→ REQUIRED WORK: Each of the entries beneath this task should be written out exactly.

→ Items from a dataset:
◇ ◇ ◇ ◇ ◇ ◇ ◇

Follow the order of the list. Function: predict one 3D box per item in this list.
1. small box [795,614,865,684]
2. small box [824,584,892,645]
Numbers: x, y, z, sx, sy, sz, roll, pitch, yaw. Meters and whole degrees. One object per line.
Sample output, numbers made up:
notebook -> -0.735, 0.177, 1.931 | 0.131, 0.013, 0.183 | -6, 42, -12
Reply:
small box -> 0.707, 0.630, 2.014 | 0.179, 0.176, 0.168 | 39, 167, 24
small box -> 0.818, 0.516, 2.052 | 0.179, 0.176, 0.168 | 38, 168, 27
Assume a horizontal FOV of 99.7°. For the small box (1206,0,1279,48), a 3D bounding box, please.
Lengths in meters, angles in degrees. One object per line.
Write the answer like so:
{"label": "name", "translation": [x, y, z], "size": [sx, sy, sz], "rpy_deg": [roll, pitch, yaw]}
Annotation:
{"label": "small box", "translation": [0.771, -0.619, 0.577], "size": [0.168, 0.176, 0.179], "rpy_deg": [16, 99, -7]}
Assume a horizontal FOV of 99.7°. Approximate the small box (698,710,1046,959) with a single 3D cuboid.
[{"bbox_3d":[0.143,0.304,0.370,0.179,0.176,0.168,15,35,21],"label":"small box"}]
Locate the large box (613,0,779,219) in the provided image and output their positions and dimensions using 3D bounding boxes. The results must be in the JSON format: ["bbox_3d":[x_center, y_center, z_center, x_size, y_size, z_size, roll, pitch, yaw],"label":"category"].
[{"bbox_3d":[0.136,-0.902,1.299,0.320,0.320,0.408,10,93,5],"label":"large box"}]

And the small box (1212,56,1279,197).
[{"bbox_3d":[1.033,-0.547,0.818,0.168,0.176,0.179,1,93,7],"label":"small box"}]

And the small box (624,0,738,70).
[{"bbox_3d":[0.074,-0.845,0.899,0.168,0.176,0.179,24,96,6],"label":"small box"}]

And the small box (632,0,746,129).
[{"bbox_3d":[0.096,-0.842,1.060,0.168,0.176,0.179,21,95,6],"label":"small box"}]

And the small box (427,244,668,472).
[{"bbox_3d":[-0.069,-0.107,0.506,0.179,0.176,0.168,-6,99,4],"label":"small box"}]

◇ ◇ ◇ ◇ ◇ ◇ ◇

→ RESULT FOR THIS EXERCISE:
Follow the order of the list. Function: predict one 3D box per item in this list.
1. small box [795,614,865,684]
2. small box [824,584,892,645]
Numbers: x, y, z, sx, sy, sz, roll, pitch, yaw. Meters and whole degrees. One object per line.
Sample output, numbers made up:
notebook -> -0.735, 0.177, 1.931 | 0.131, 0.013, 0.183 | -6, 42, -12
Reply:
small box -> 0.707, 0.630, 2.014 | 0.179, 0.176, 0.168 | 39, 167, 24
small box -> 0.818, 0.516, 2.052 | 0.179, 0.176, 0.168 | 38, 168, 27
Assume a horizontal FOV of 99.7°. For the small box (1206,0,1279,48), a 3D bounding box, please.
Lengths in meters, angles in degrees. One object per line.
Write the answer like so:
{"label": "name", "translation": [x, y, z], "size": [sx, sy, sz], "rpy_deg": [roll, pitch, yaw]}
Annotation:
{"label": "small box", "translation": [0.771, -0.619, 0.577], "size": [0.168, 0.176, 0.179], "rpy_deg": [16, 99, -7]}
Assume a horizontal FOV of 99.7°. Approximate the small box (698,710,1046,959) with a single 3D cuboid.
[{"bbox_3d":[0.143,0.304,0.370,0.179,0.176,0.168,15,35,21],"label":"small box"}]
Locate the large box (613,0,779,219) in the provided image and output their positions and dimensions using 3D bounding boxes. The results must be in the JSON format: ["bbox_3d":[x_center, y_center, z_center, x_size, y_size, z_size, roll, pitch, yaw],"label":"category"].
[{"bbox_3d":[0.136,-0.902,1.299,0.320,0.320,0.408,10,93,5],"label":"large box"}]

And the small box (1212,56,1279,197).
[{"bbox_3d":[1.033,-0.547,0.818,0.168,0.176,0.179,1,93,7],"label":"small box"}]

And the small box (624,0,738,70).
[{"bbox_3d":[0.074,-0.845,0.899,0.168,0.176,0.179,24,96,6],"label":"small box"}]

And the small box (632,0,746,129).
[{"bbox_3d":[0.096,-0.842,1.060,0.168,0.176,0.179,21,95,6],"label":"small box"}]

And the small box (427,244,668,472).
[{"bbox_3d":[-0.069,-0.107,0.506,0.179,0.176,0.168,-6,99,4],"label":"small box"}]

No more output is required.